__What you will do__
Filter the entries below, keeping only lines with the word "yellow".

[Collected data]
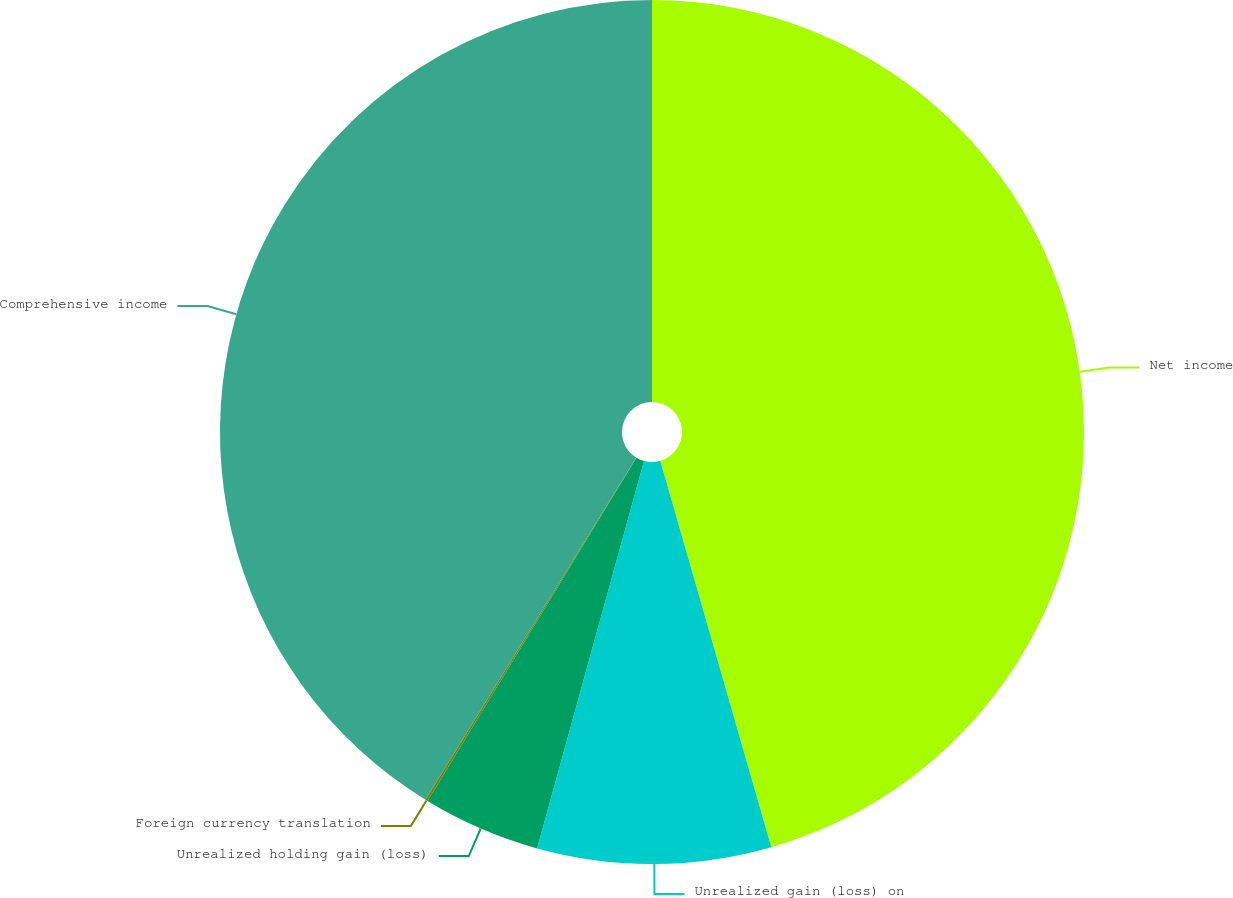<chart> <loc_0><loc_0><loc_500><loc_500><pie_chart><fcel>Net income<fcel>Unrealized gain (loss) on<fcel>Unrealized holding gain (loss)<fcel>Foreign currency translation<fcel>Comprehensive income<nl><fcel>45.54%<fcel>8.74%<fcel>4.41%<fcel>0.09%<fcel>41.21%<nl></chart> 
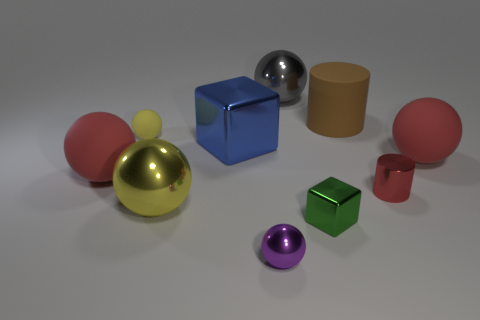Are there any small purple things made of the same material as the red cylinder?
Make the answer very short. Yes. What number of metal spheres are both in front of the small green cube and behind the large brown rubber object?
Offer a terse response. 0. Is the number of red matte objects that are on the right side of the small yellow rubber sphere less than the number of spheres that are behind the small red cylinder?
Offer a very short reply. Yes. Is the shape of the blue thing the same as the large gray object?
Your answer should be compact. No. How many other objects are the same size as the green metal object?
Keep it short and to the point. 3. How many objects are tiny balls behind the green metallic block or big spheres on the right side of the small red cylinder?
Make the answer very short. 2. What number of green objects are the same shape as the tiny red thing?
Offer a very short reply. 0. What material is the red object that is both right of the large brown matte cylinder and behind the tiny metallic cylinder?
Your answer should be very brief. Rubber. There is a large yellow object; how many large spheres are on the left side of it?
Offer a terse response. 1. What number of small red cubes are there?
Give a very brief answer. 0. 
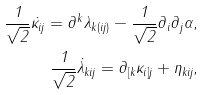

__Exercise answer__
Offer a terse response. 0. Is the number of red matte objects that are on the right side of the small yellow rubber sphere less than the number of spheres that are behind the small red cylinder?
Your answer should be very brief. Rubber. There is a large yellow object; how many large spheres are on the left side of it?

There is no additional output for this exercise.